== WHAT TO DO ==
Locate the line containing "Learn more: https://bit.ly/CRA-vitals", then please write out that line and all the lines below it in the entries exactly.

--- PROVIDED RECORDS Enclosed Below ---

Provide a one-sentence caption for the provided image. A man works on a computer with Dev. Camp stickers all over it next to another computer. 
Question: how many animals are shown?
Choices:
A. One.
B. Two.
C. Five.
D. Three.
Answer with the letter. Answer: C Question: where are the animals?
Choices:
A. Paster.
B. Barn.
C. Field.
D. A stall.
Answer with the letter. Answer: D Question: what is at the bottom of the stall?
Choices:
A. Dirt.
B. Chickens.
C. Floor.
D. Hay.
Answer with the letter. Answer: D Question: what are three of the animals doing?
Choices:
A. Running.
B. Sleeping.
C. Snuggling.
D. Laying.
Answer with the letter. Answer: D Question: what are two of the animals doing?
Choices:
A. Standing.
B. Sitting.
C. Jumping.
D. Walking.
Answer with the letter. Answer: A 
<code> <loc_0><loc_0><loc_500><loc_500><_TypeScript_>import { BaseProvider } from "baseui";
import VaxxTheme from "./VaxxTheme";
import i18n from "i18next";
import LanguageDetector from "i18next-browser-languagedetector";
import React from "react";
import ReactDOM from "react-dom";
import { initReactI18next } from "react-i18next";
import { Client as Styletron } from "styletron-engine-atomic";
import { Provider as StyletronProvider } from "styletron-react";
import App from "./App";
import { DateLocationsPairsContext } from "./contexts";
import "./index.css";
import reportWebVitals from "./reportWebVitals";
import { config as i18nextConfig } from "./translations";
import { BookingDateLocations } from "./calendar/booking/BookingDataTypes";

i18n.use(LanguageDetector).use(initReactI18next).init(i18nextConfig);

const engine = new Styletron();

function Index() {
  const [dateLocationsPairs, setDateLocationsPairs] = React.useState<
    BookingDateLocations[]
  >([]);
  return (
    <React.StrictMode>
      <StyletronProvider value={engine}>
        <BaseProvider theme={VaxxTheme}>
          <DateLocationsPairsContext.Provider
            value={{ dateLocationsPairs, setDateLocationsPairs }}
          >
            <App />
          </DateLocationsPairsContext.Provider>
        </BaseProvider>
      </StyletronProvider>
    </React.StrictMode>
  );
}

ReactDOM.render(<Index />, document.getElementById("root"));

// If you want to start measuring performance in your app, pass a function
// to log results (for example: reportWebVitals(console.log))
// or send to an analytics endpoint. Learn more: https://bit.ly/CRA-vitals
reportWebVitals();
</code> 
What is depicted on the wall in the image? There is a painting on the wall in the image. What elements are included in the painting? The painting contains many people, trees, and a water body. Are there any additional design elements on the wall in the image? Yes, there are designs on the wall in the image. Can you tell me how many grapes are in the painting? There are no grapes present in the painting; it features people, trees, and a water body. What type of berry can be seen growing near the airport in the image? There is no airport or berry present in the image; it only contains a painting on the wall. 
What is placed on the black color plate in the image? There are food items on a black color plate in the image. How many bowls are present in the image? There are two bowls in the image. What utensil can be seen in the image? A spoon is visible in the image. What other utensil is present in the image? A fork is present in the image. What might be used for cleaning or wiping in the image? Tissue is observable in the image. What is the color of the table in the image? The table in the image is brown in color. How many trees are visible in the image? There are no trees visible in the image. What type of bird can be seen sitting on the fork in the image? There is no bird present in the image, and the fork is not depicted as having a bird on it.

--- End of Enclosed PROVIDED RECORDS ---

== EXERCISE RESPONSE ==
// or send to an analytics endpoint. Learn more: https://bit.ly/CRA-vitals
reportWebVitals();
</code> 
What is depicted on the wall in the image? There is a painting on the wall in the image. What elements are included in the painting? The painting contains many people, trees, and a water body. Are there any additional design elements on the wall in the image? Yes, there are designs on the wall in the image. Can you tell me how many grapes are in the painting? There are no grapes present in the painting; it features people, trees, and a water body. What type of berry can be seen growing near the airport in the image? There is no airport or berry present in the image; it only contains a painting on the wall. 
What is placed on the black color plate in the image? There are food items on a black color plate in the image. How many bowls are present in the image? There are two bowls in the image. What utensil can be seen in the image? A spoon is visible in the image. What other utensil is present in the image? A fork is present in the image. What might be used for cleaning or wiping in the image? Tissue is observable in the image. What is the color of the table in the image? The table in the image is brown in color. How many trees are visible in the image? There are no trees visible in the image. What type of bird can be seen sitting on the fork in the image? There is no bird present in the image, and the fork is not depicted as having a bird on it.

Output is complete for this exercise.